Have you ever felt frustrated while creating a new account when your preferred password doesn’t meet the security standards of the service, and you have to add special or numeric characters? Password policies have become a norm for corporations or services that store confidential information and for any service that stores user credentials. Unfortunately, service providers are not obligated to require users to create strong passwords. However, having a strong password is more crucial than ever.
Read the first in this series of texts: Authorization by Facebook, Google, Github.
In today’s world, most of us have shifted a significant part of our daily lives to the Internet. This includes remote work, electronic transactions, social media, and more. Consequently, it is vital to consider how much sensitive information we store on our devices. With advanced hardware and computing capabilities, hackers can easily crack weak passwords within moments. If the same password is used across multiple accounts, the attacker can gain access to a wealth of personal information, including banking data, social media accounts, and other critical systems. This can lead to identity theft, financial loss, and other forms of fraud.
Using the same password for multiple accounts is a real convenience for the user, but it carries a lot of risk to our data. Hijacking one account can lead to losing access to all the profiles you have created. If you want to learn more about mitigating the risk associated with using a single password for multiple systems, we invite you to read our previous article “OAuth – authorization by Google, Facebook”.
Ways to encrypt passwords
It’s essential to understand how our passwords, which we create during registration, are stored. Before we dive into the rules for creating passwords, let’s discuss the storage of passwords. In a previous article, we discussed the importance of trusting the service we give our data. No service should store passwords in an unencrypted form. Unfortunately, there have been cases where passwords were not properly secured, leading to data leakage.
Authentication is the process of verifying the identity of a user by providing them with a set of credentials such as a username and password. To ensure that the credentials provided each time a user wants to access the application are correct, we need to store this information in our database for future comparisons. However, storing passwords can be challenging and requires following specific rules, guidelines, and best practices. In the rest of this article, we’ll explore the mechanisms that make storing passwords safe and more manageable.
The black box – the login mechanism
Storing passwords securely is crucial for any application that requires user authentication. One way to do it is by creating a table in the database that maps each username to its corresponding password. When a user attempts to log in, the server receives an authentication request that includes the username and password. The system then searches the table for the username and compares the given password with the stored password. If the credentials match, the user is granted access to the application.
The security strength and resilience of this model depends on how the password is stored. The most primitive, and therefore least secure, format for storing passwords is plain text (the term refers to readable data transmitted or stored in “plaintext” form).

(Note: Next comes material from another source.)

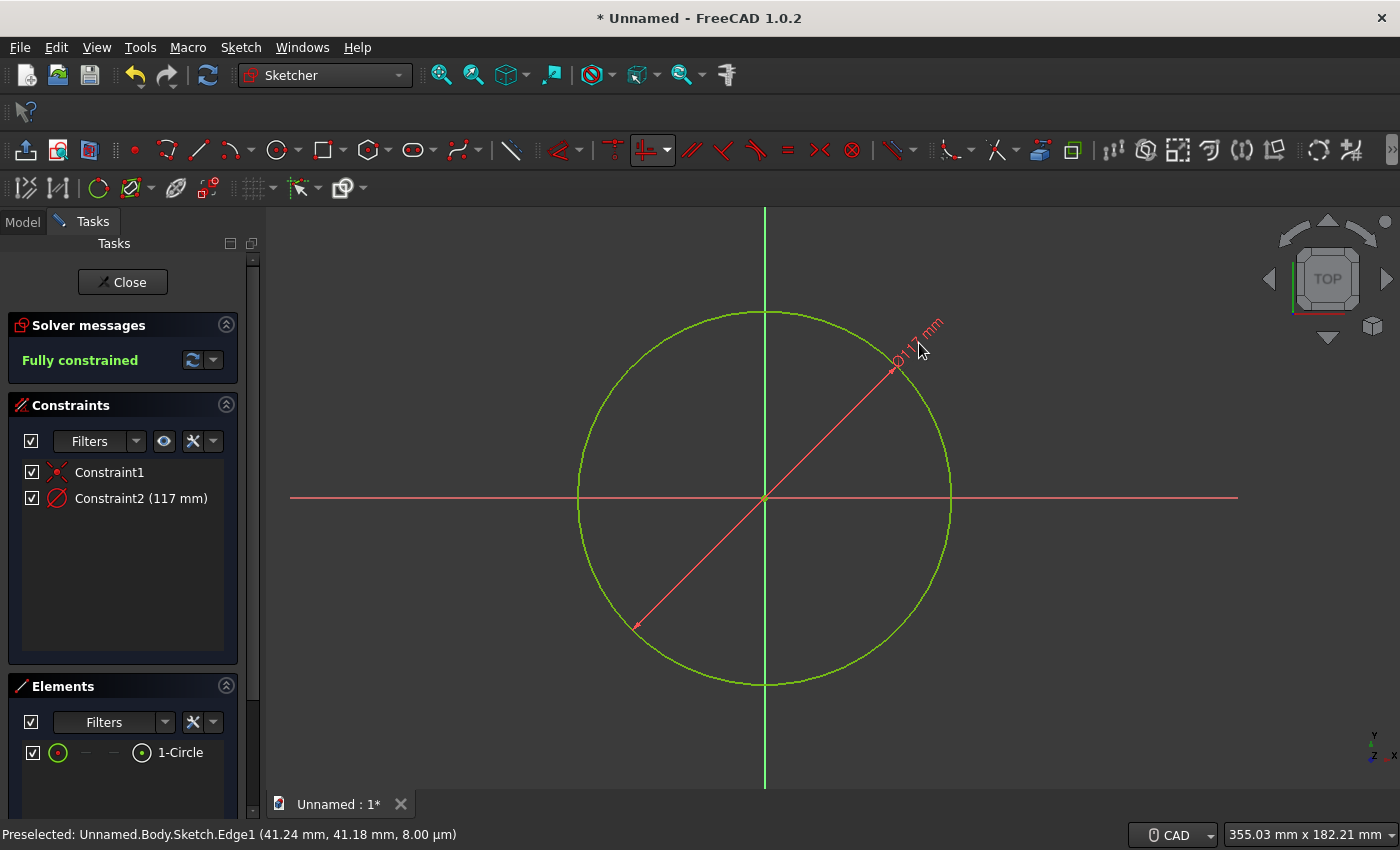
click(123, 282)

Storing passwords as plain text can pose a severe security risk. If an attacker manages to gain access to the database and steal the password table, they could potentially have access to all user accounts. This problem becomes even more significant when users reuse the same passwords or variations of them for multiple accounts, as it can allow an attacker to gain access to other services beyond the compromised one. Clearly, this situation presents a significant security concern and should be avoided.

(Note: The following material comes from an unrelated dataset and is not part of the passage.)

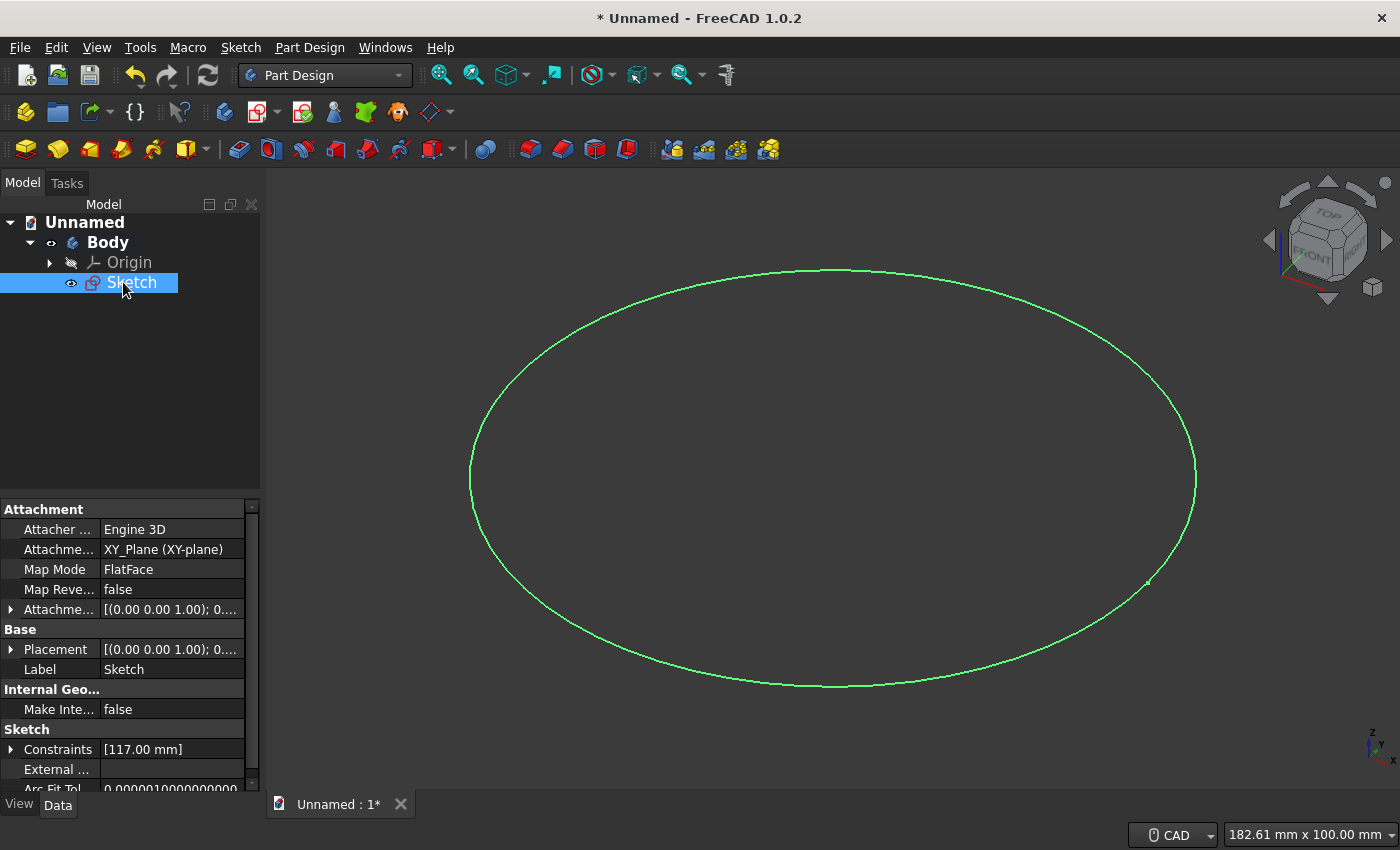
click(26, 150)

It’s important to remember that not all attacks come from external sources. Sometimes, the threat can come from within an organisation. For instance, a fraudulent software engineer who has access to the company’s database could potentially misuse their authority by retrieving passwords in plain text and gaining unauthorised access to any account in the system.
A more secure way to store a password is by first converting it into a data that cannot be reversed to the original password using a cryptographic hash function. This technique is called hashing.
Hashing
In the field of cryptography, a hash function refers to a mathematical algorithm that converts any given data into a fixed-size string of bits. The original data is referred to as the input, while the output of the algorithm is a string of characters of a fixed size, commonly known as a hash.

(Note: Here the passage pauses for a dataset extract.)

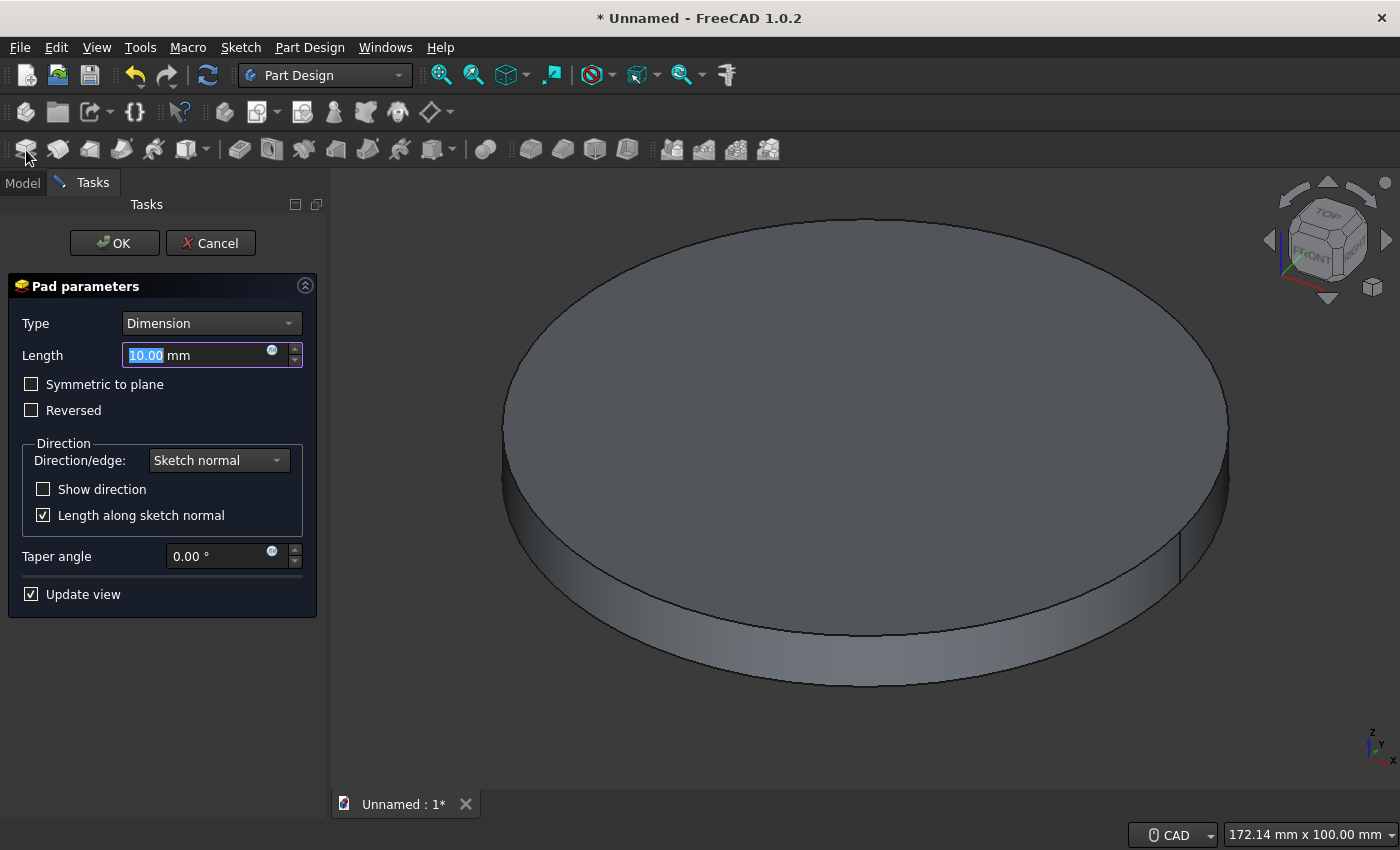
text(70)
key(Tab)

A secure cryptographic hash function should be:
- Deterministic
The same input will always generate the same hash. - One-way
Obtaining the original message from knowing its hash is a computationally difficult task. - Collision resistant
Finding any two messages that have the same hash is a computationally difficult task. - Highly randomised
A small change in the input should lead to a significant and uncorrelated change in the output. Without this property, the use of cryptanalysis methods will allow you to predict inputs based on the output.
Hash functions are widely used in various applications. However, their assumptions are typically unchangeable – the hash calculation should be easy and practical, but it should be difficult or impossible to generate the original input data only from the hash value. Unlike encryption, hashing is a one-way mechanism. Therefore, before storing a user’s password in the application database, a cryptographic hash function must be applied to it, and the resulting hash will be stored in the database. One challenge that arises at this point is deciding which hash function to use.
Commonly used hashing algorithms include Message Digest (MDx) algorithms, such as MD5, and Secure Hash Algorithms (SHA), such as SHA-1, and SHA-2 (which includes the widely used SHA-256 algorithm). Later in the article, we will learn about the strength of these algorithms and how some of them have become obsolete due to rapid computational advances or have stopped being used due to security vulnerabilities.
Using cryptographic encryption to store passwords more securely
When we talk about a deterministic function, we mean a function that will always produce the same output for a given input. This is extremely important when it comes to authentication because we need to be certain that a particular password will always yield the same hash. Without this guarantee, it would be impossible to accurately verify user credentials using this particular technique.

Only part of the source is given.